**What to produce**
Only one stretch of the data below should be repeated: the lines from the line containing "msp.add_lwpolyline(points, dxfattribs=at)" through the line containing "msp.add_arc(centre, radius, start, end, dxfattribs=at)", inclusive, exactly as they are.

**Information shown**
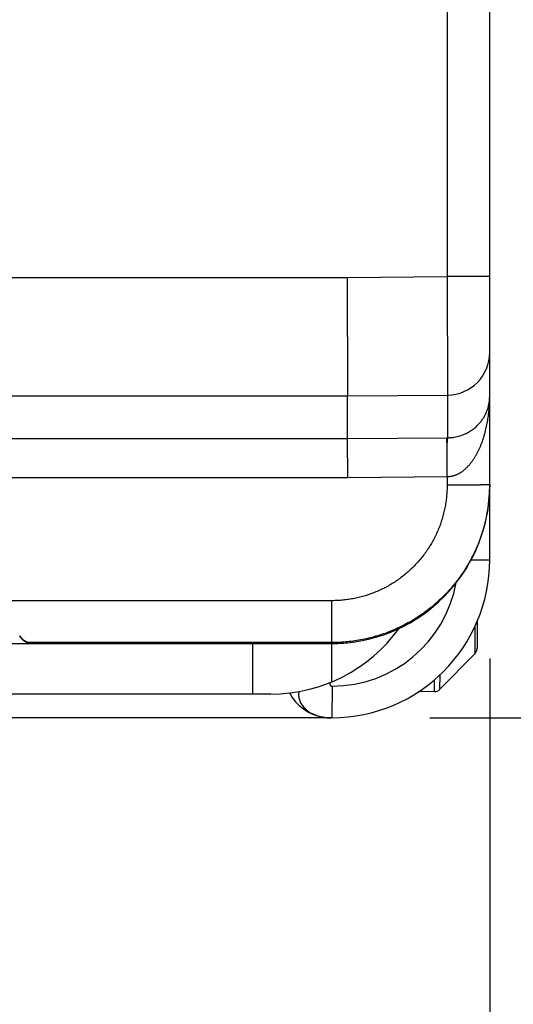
# Model space of a CAD drawing. Header units: inches. Extents: x 0 to 22, y 0 to 17.
# Tile 6 of 44: x 4.84 to 5.153, y 9.265 to 9.888. Entities that reach past the tile are written whole.
import ezdxf

# ---------------------------------------------------------------- set-up
doc = ezdxf.new("R2010")
doc.units = ezdxf.units.IN
doc.header["$LTSCALE"] = 1.21
doc.header["$MEASUREMENT"] = 0
doc.layers.get('0').update_dxf_attribs({"linetype": 'CONTINUOUS'})
doc.layers.add('DIMENSIONS', color=7, linetype='CONTINUOUS')
doc.styles.get("Standard").update_dxf_attribs({"font": 'txt', "width": 0.8})
doc.dimstyles.new('DIMSTYLE_1', dxfattribs={"dimtxt": 0.125, "dimasz": 0.18, "dimexe": 0.125, "dimexo": 0.0625, "dimgap": 0.0625, "dimtad": 0, "dimtih": 1, "dimtoh": 1, "dimdec": 3, "dimzin": 4, "dimdsep": 46, "dimtxsty": 'STANDARD', "dimblk": '_FILLED', "dimblk1": '_FILLED', "dimblk2": '_FILLED', "dimcen": 0.09, "dimadec": 0, "dimazin": 0, "dimtp": 0.01, "dimtm": 0.01, "dimtfac": 1, "dimtdec": 3, "dimtofl": 0, "dimtmove": 0, "dimatfit": 3, "dimldrblk": '_FILLED', "dimfxl": 1, "dimtolj": 1, "dimtzin": 4, "dimarcsym": 0})

# ---------------------------------------------------------------- blocks, each defined once
blk = doc.blocks.new('_FILLED')
at = {"color": 0, "linetype": 'BYBLOCK'}
blk.add_solid([(0, 0), (-1, 0.1736), (-1, -0.1736)], dxfattribs=at)
blk = doc.blocks.new('*D2')
at = {"layer": 'DIMENSIONS', "color": 2, "linetype": 'CONTINUOUS'}
for p, q in [((5.10001, 12.91528), (6.69654, 12.91528)), ((6.57154, 12.91528), (6.57154, 11.30578)), ((6.57154, 9.44628), (6.57154, 11.05578)), ((5.10001, 9.44628), (6.69654, 9.44628))]:
    blk.add_line(p, q, dxfattribs=at)
at = {"layer": 'DIMENSIONS', "color": 2, "linetype": 'CONTINUOUS', "xscale": 0.18, "yscale": 0.18, "zscale": 0.18}
for p, rotation in [((6.57154, 12.91528), 90), ((6.57154, 9.44628), 270)]:
    blk.add_blockref('_FILLED', p, dxfattribs=dict(at, rotation=rotation))
at = {"layer": 'DIMENSIONS', "color": 2, "linetype": 'CONTINUOUS', "insert": (6.57154, 11.24328), "char_height": 0.125, "width": 1.325, "attachment_point": 2, "line_spacing_factor": 0.9}
blk.add_mtext('3.469{\\Ftxt.shx;\\W1.000000;\\H0.125000; }[88.11]', dxfattribs=at)
blk = doc.blocks.new('*D3')
at = {"layer": 'DIMENSIONS', "color": 2, "linetype": 'CONTINUOUS'}
for p, q in [((4.2379, 9.48378), (4.2379, 8.64172)), ((5.1379, 9.48378), (5.1379, 8.64172)), ((4.2379, 8.76672), (4.6879, 8.76672)), ((5.1379, 8.76672), (4.6879, 8.76672)), ((4.6879, 8.76672), (5.514, 8.76672))]:
    blk.add_line(p, q, dxfattribs=at)
at = {"layer": 'DIMENSIONS', "color": 2, "linetype": 'CONTINUOUS', "xscale": 0.18, "yscale": 0.18, "zscale": 0.18, "rotation": 180}
blk.add_blockref('_FILLED', (4.2379, 8.76672), dxfattribs=at)
at = {"layer": 'DIMENSIONS', "color": 2, "linetype": 'CONTINUOUS', "xscale": 0.18, "yscale": 0.18, "zscale": 0.18}
blk.add_blockref('_FILLED', (5.1379, 8.76672), dxfattribs=at)
at = {"layer": 'DIMENSIONS', "color": 2, "linetype": 'CONTINUOUS', "insert": (5.5765, 8.82922), "char_height": 0.125, "width": 1.225, "attachment_point": 1, "line_spacing_factor": 0.9}
blk.add_mtext('.900{\\Ftxt.shx;\\W1.000000;\\H0.125000; }[22.86]', dxfattribs=at)

msp = doc.modelspace()

# ---------------------------------------------------------------- linework, layer by layer
at = {"color": 7, "linetype": 'CONTINUOUS'}
for p, q in [((5.1379, 9.54628), (5.1379, 12.81528)), ((5.1109, 12.63602), (5.1109, 9.72553)), ((4.74092, 9.72498), (5.04757, 9.72498)), ((5.04757, 9.72498), (5.1109, 9.72553)), ((5.04757, 9.72498), (5.0479, 9.64999)), ((5.1379, 9.72553), (5.1109, 9.72553)), ((5.1109, 9.72553), (5.11113, 9.65054)), ((4.736, 9.64999), (5.0479, 9.64999)), ((5.0479, 9.64999), (5.11113, 9.65054)), ((5.0479, 9.62294), (5.0479, 9.64999)), ((5.11113, 9.65054), (5.11113, 9.62349)), ((4.69895, 9.62294), (5.0479, 9.62294)), ((5.0479, 9.62294), (5.11068, 9.62349)), ((5.04811, 9.59838), (5.0479, 9.62294)), ((5.11101, 9.61706), (5.11068, 9.62349)), ((5.11068, 9.62349), (5.11113, 9.62349)), ((5.11101, 9.61706), (5.11113, 9.62349)), ((5.11088, 9.59893), (5.11101, 9.61706)), ((4.69895, 9.59838), (5.048, 9.59838)), ((5.048, 9.59838), (5.1109, 9.59893)), ((5.1109, 9.59893), (5.1109, 9.59342)), ((5.12612, 9.54628), (5.1379, 9.54628)), ((5.0379, 9.52038), (4.82573, 9.52038)), ((5.0379, 9.46902), (5.0379, 9.52038)), ((5.12847, 9.50394), (5.12846, 9.4868)), ((5.1299, 9.50716), (5.1299, 9.49032)), ((4.84036, 9.49765), (4.84005, 9.49812)), ((4.37647, 9.49328), (4.99932, 9.49328)), ((5.0379, 9.49386), (4.84526, 9.49386)), ((4.84548, 9.49378), (4.84539, 9.49382)), ((4.84621, 9.49357), (4.84548, 9.49378)), ((4.84701, 9.49341), (4.84621, 9.49357)), ((4.84781, 9.49331), (4.84701, 9.49341)), ((4.84843, 9.49328), (4.84781, 9.49331)), ((4.9879, 9.46128), (4.9879, 9.49328)), ((5.00219, 9.49328), (5.0379, 9.49328)), ((5.12846, 9.48682), (5.10633, 9.4643)), ((5.10635, 9.4643), (5.12846, 9.4868)), ((5.10635, 9.4643), (5.10644, 9.4735)), ((5.10289, 9.46294), (5.10297, 9.47035)), ((4.99932, 9.46128), (4.37647, 9.46128)), ((5.03807, 9.46628), (5.0379, 9.44628)), ((5.10287, 9.4628), (5.09268, 9.46263)), ((5.10285, 9.4628), (5.10311, 9.46281)), ((5.10287, 9.4628), (5.10289, 9.46294)), ((5.10308, 9.46281), (5.10359, 9.46287)), ((5.10619, 9.46415), (5.10635, 9.4643)), ((5.10619, 9.46415), (5.10635, 9.4643)), ((5.10635, 9.4643), (5.10635, 9.4643)), ((5.0379, 9.44628), (4.3379, 9.44628)), ((5.03179, 9.44684), (5.03188, 9.44682)), ((5.03188, 9.44682), (5.03208, 9.44677))]:
    msp.add_line(p, q, dxfattribs=at)
for points in [[(4.84539, 9.49382), (4.84468, 9.49409), (4.84395, 9.49444), (4.84325, 9.49485), (4.84258, 9.49531), (4.84195, 9.49582), (4.84137, 9.49639), (4.84084, 9.497), (4.84036, 9.49765)], [(5.12846, 9.4868), (5.12861, 9.48696), (5.1289, 9.48731), (5.12916, 9.48769), (5.12938, 9.48809), (5.12956, 9.48851), (5.12971, 9.48895), (5.12981, 9.48939), (5.12987, 9.48985), (5.1299, 9.49031)], [(5.10359, 9.46287), (5.10407, 9.46297), (5.10454, 9.46312), (5.105, 9.46332), (5.10543, 9.46356), (5.10583, 9.46384), (5.10619, 9.46415)], [(5.10543, 9.46356), (5.10583, 9.46384), (5.10619, 9.46415)], [(5.03208, 9.44677), (5.03224, 9.44674), (5.03243, 9.4467), (5.03265, 9.44665), (5.03291, 9.4466), (5.03319, 9.44655), (5.0335, 9.4465), (5.03384, 9.44645), (5.0342, 9.44641), (5.03459, 9.44636), (5.035, 9.44633), (5.03543, 9.4463), (5.03588, 9.44628), (5.03635, 9.44628)]]:
    msp.add_lwpolyline(points, dxfattribs=at)
for centre, radius, start, end in [((5.1109, 9.67754), 0.027, 270.49493, 359.99504), ((5.0379, 9.54628), 0.1, 270, 360), ((5.03807, 9.54628), 0.08, 270.00052, 349.58178), ((4.8486, 9.50327), 0.01, 211.43798, 269.998), ((4.99932, 9.56128), 0.1, 270, 324.21242), ((4.99932, 9.56128), 0.068, 270, 271.4389), ((5.03738, 9.47628), 0.03, 208.49654, 260.09013), ((5.10277, 9.4678), 0.005, 315.5, 315.63378), ((5.03712, 9.47401), 0.02772, 258.89305, 259.82119), ((5.03738, 9.47628), 0.03, 268.04128, 270.00007)]:
    msp.add_arc(centre, radius, start, end, dxfattribs=at)
for centre, major_axis, ratio, start_param, end_param in [((5.0379, 9.59329), (0.03827, 0.09241), 0.999785, -2.648688, -1.178059), ((5.0379, 9.49389), (0.05, 0), 0.017455, -2.400043, -2.366195), ((5.0379, 9.59329), (0, 0.10002), 0.999848, -3.141593, -3.041425)]:
    msp.add_ellipse(centre, major_axis=major_axis, ratio=ratio, start_param=start_param, end_param=end_param, dxfattribs=at)
for points, knots in [([(5.1109, 9.59889), (5.11107, 9.59889), (5.11134, 9.59891), (5.11169, 9.59894), (5.11191, 9.59897), (5.11209, 9.59899), (5.11226, 9.59901), (5.11257, 9.59904), (5.11292, 9.59908), (5.11327, 9.59913), (5.11362, 9.59919), (5.11397, 9.59926), (5.11431, 9.59934), (5.11465, 9.59943), (5.11508, 9.59954), (5.11558, 9.5997), (5.11607, 9.59987), (5.11656, 9.60006), (5.1172, 9.60033), (5.11798, 9.6007), (5.11889, 9.6012), (5.11977, 9.60174), (5.12061, 9.60232), (5.12142, 9.60293), (5.12245, 9.60379), (5.12367, 9.60493), (5.1248, 9.60615), (5.12565, 9.60717), (5.12627, 9.60794), (5.12686, 9.60873), (5.12761, 9.60979), (5.1285, 9.61116), (5.12949, 9.61283), (5.1304, 9.61454), (5.13125, 9.61628), (5.13203, 9.61804), (5.13275, 9.61982), (5.13341, 9.62162), (5.13402, 9.62343), (5.13458, 9.62526), (5.13509, 9.6271), (5.13556, 9.62894), (5.13611, 9.63141), (5.1367, 9.63452), (5.13724, 9.63828), (5.13775, 9.6433), (5.1379, 9.64709), (5.1379, 9.64961)], [0, 0, 0, 0, 0.008516, 0.01278, 0.017046, 0.019178, 0.021309, 0.025567, 0.034068, 0.038313, 0.042556, 0.051037, 0.055273, 0.059504, 0.067949, 0.076372, 0.084775, 0.093157, 0.101516, 0.11816, 0.134709, 0.151163, 0.167525, 0.183798, 0.199989, 0.232141, 0.26403, 0.27989, 0.295696, 0.311451, 0.32716, 0.358459, 0.38962, 0.42066, 0.451588, 0.482426, 0.51319, 0.543885, 0.574515, 0.605091, 0.635624, 0.666119, 0.696576, 0.757398, 0.81813, 0.878796, 1, 1, 1, 1]), ([(5.11113, 9.62349), (5.11148, 9.6235), (5.11219, 9.62352), (5.11324, 9.62359), (5.11427, 9.62369), (5.11561, 9.62388), (5.11721, 9.62419), (5.11904, 9.62469), (5.12074, 9.62527), (5.12231, 9.62592), (5.12376, 9.62663), (5.12511, 9.62739), (5.12635, 9.62818), (5.1275, 9.629), (5.12856, 9.62984), (5.12954, 9.63071), (5.13045, 9.63159), (5.13155, 9.63276), (5.13278, 9.63426), (5.13406, 9.63613), (5.13512, 9.63802), (5.136, 9.63992), (5.1367, 9.64185), (5.13724, 9.64378), (5.13762, 9.64572), (5.13785, 9.64767), (5.1379, 9.64896), (5.1379, 9.64961)], [0, 0, 0, 0, 0.025523, 0.050895, 0.075987, 0.100651, 0.14847, 0.194121, 0.237453, 0.278404, 0.317257, 0.354349, 0.389814, 0.423693, 0.456265, 0.487732, 0.518201, 0.547723, 0.604397, 0.658533, 0.710607, 0.761058, 0.810259, 0.858487, 0.90603, 0.95314, 1, 1, 1, 1]), ([(5.1379, 9.59389), (5.1379, 9.59225), (5.13782, 9.58898), (5.13745, 9.58408), (5.13685, 9.57921), (5.13601, 9.57437), (5.13494, 9.56958), (5.13363, 9.56484), (5.13209, 9.56018), (5.13032, 9.5556), (5.12833, 9.55111), (5.12613, 9.54672), (5.12371, 9.54245), (5.12108, 9.5383), (5.11825, 9.53428), (5.11523, 9.53041), (5.11203, 9.52669), (5.10864, 9.52313), (5.10508, 9.51975), (5.10137, 9.51654), (5.0975, 9.51351), (5.09348, 9.51069), (5.08933, 9.50806), (5.08506, 9.50564), (5.08067, 9.50343), (5.07618, 9.50144), (5.0716, 9.49967), (5.06694, 9.49813), (5.06221, 9.49682), (5.05742, 9.49574), (5.05258, 9.4949), (5.0477, 9.4943), (5.04281, 9.49394), (5.03953, 9.49386), (5.0379, 9.49386)], [0, 0, 0, 0, 0.031249, 0.062499, 0.093749, 0.124998, 0.156248, 0.187497, 0.218747, 0.249996, 0.281246, 0.312496, 0.343746, 0.374995, 0.406245, 0.437495, 0.468745, 0.499995, 0.531245, 0.562495, 0.593745, 0.624995, 0.656245, 0.687496, 0.718746, 0.749996, 0.781247, 0.812497, 0.843748, 0.874998, 0.906249, 0.937499, 0.96875, 1, 1, 1, 1]), ([(5.1109, 9.59342), (5.1109, 9.59222), (5.11084, 9.58983), (5.11057, 9.58626), (5.11013, 9.5827), (5.10952, 9.57917), (5.10874, 9.57567), (5.10746, 9.57106), (5.10585, 9.56655), (5.10392, 9.56219), (5.10231, 9.55898), (5.10054, 9.55586), (5.09862, 9.55283), (5.09656, 9.5499), (5.09436, 9.54707), (5.09201, 9.54436), (5.08954, 9.54176), (5.08695, 9.53929), (5.08423, 9.53694), (5.08141, 9.53474), (5.07848, 9.53267), (5.07545, 9.53075), (5.07233, 9.52899), (5.06913, 9.52737), (5.06476, 9.52543), (5.06025, 9.52382), (5.05565, 9.52254), (5.05215, 9.52176), (5.04861, 9.52114), (5.04506, 9.52071), (5.04148, 9.52044), (5.03909, 9.52038), (5.0379, 9.52038)], [0, 0, 0, 0, 0.031248, 0.062497, 0.093746, 0.124995, 0.156244, 0.187493, 0.249973, 0.281223, 0.312473, 0.343723, 0.374973, 0.406223, 0.437474, 0.468725, 0.499976, 0.531227, 0.562479, 0.59373, 0.624983, 0.656235, 0.687487, 0.71874, 0.749993, 0.81248, 0.843733, 0.874986, 0.90624, 0.937493, 0.968747, 1, 1, 1, 1]), ([(5.1379, 9.59389), (5.1379, 9.59388), (5.13789, 9.59387), (5.13788, 9.59387), (5.13786, 9.59386), (5.13784, 9.59386), (5.13782, 9.59385), (5.13779, 9.59385), (5.13775, 9.59384), (5.13769, 9.59383), (5.13756, 9.59381), (5.13736, 9.59379), (5.13707, 9.59377), (5.13671, 9.59375), (5.1363, 9.59373), (5.13582, 9.59371), (5.13528, 9.59368), (5.13469, 9.59366), (5.13404, 9.59364), (5.13333, 9.59362), (5.13256, 9.59361), (5.13145, 9.59358), (5.12993, 9.59355), (5.12797, 9.59352), (5.12585, 9.59349), (5.12358, 9.59347), (5.12119, 9.59345), (5.11871, 9.59343), (5.11615, 9.59342), (5.11353, 9.59342), (5.11178, 9.59342), (5.1109, 9.59342)], [0, 0, 0, 0, 0.000523, 0.000956, 0.001524, 0.002234, 0.003088, 0.004088, 0.005235, 0.007972, 0.0113, 0.019727, 0.030506, 0.043613, 0.059019, 0.076689, 0.09658, 0.118646, 0.142832, 0.169082, 0.197332, 0.227515, 0.293382, 0.366052, 0.444824, 0.528941, 0.617593, 0.709926, 0.805052, 0.902054, 1, 1, 1, 1]), ([(5.03658, 9.46849), (5.03657, 9.46833), (5.03657, 9.4681), (5.0366, 9.4678), (5.03662, 9.46759), (5.03666, 9.4674), (5.03673, 9.46716), (5.03682, 9.46694), (5.03695, 9.46675), (5.03706, 9.46663), (5.03719, 9.46652), (5.03733, 9.46643), (5.03749, 9.46636), (5.03767, 9.46631), (5.03786, 9.46628), (5.038, 9.46628), (5.03807, 9.46628)], [0, 0, 0, 0, 0.153759, 0.225572, 0.293948, 0.358938, 0.420693, 0.535584, 0.58991, 0.643104, 0.696151, 0.750181, 0.806404, 0.866032, 0.930214, 1, 1, 1, 1]), ([(5.01702, 9.46287), (5.01694, 9.46243), (5.01685, 9.46177), (5.01681, 9.46089), (5.01684, 9.46001), (5.01697, 9.45891), (5.01729, 9.45761), (5.01777, 9.45634), (5.01841, 9.45511), (5.0192, 9.45392), (5.02014, 9.4528), (5.02103, 9.45193), (5.0218, 9.45126), (5.02242, 9.45078), (5.02307, 9.45032), (5.02397, 9.44973), (5.02518, 9.44904), (5.02672, 9.44833), (5.0289, 9.44749), (5.03062, 9.44704), (5.03178, 9.44681)], [0, 0, 0, 0, 0.054843, 0.082121, 0.109374, 0.163963, 0.218992, 0.274818, 0.331797, 0.390322, 0.450613, 0.512754, 0.544538, 0.576791, 0.609547, 0.642833, 0.710958, 0.780991, 0.852679, 1, 1, 1, 1])]:
    msp.add_open_spline(points, degree=3, knots=knots, dxfattribs=at)

# ---------------------------------------------------------------- dimensions: what is measured, and where the dimension line sits
at = {"layer": 'DIMENSIONS', "color": 2, "linetype": 'CONTINUOUS'}
dim = msp.add_linear_dim(base=(6.57154, 9.44628), p1=(5.03751, 12.91528), p2=(5.03751, 9.44628), angle=270, dimstyle='DIMSTYLE_1', dxfattribs=at)
dim.commit()
dim.dimension.update_dxf_attribs({"geometry": '*D2', "text_midpoint": (6.57154, 11.18078), "dimtype": 160})
dim = msp.add_linear_dim(base=(5.1379, 8.76672), p1=(4.2379, 9.54628), p2=(5.1379, 9.54628), dimstyle='DIMSTYLE_1', dxfattribs=at)
dim.commit()
dim.dimension.update_dxf_attribs({"geometry": '*D3', "text_midpoint": (6.189, 8.76672), "dimtype": 160})

doc.saveas('drawing.dxf')

**Reply**
    msp.add_lwpolyline(points, dxfattribs=at)
for centre, radius, start, end in [((5.1109, 9.67754), 0.027, 270.49493, 359.99504), ((5.0379, 9.54628), 0.1, 270, 360), ((5.03807, 9.54628), 0.08, 270.00052, 349.58178), ((4.8486, 9.50327), 0.01, 211.43798, 269.998), ((4.99932, 9.56128), 0.1, 270, 324.21242), ((4.99932, 9.56128), 0.068, 270, 271.4389), ((5.03738, 9.47628), 0.03, 208.49654, 260.09013), ((5.10277, 9.4678), 0.005, 315.5, 315.63378), ((5.03712, 9.47401), 0.02772, 258.89305, 259.82119), ((5.03738, 9.47628), 0.03, 268.04128, 270.00007)]:
    msp.add_arc(centre, radius, start, end, dxfattribs=at)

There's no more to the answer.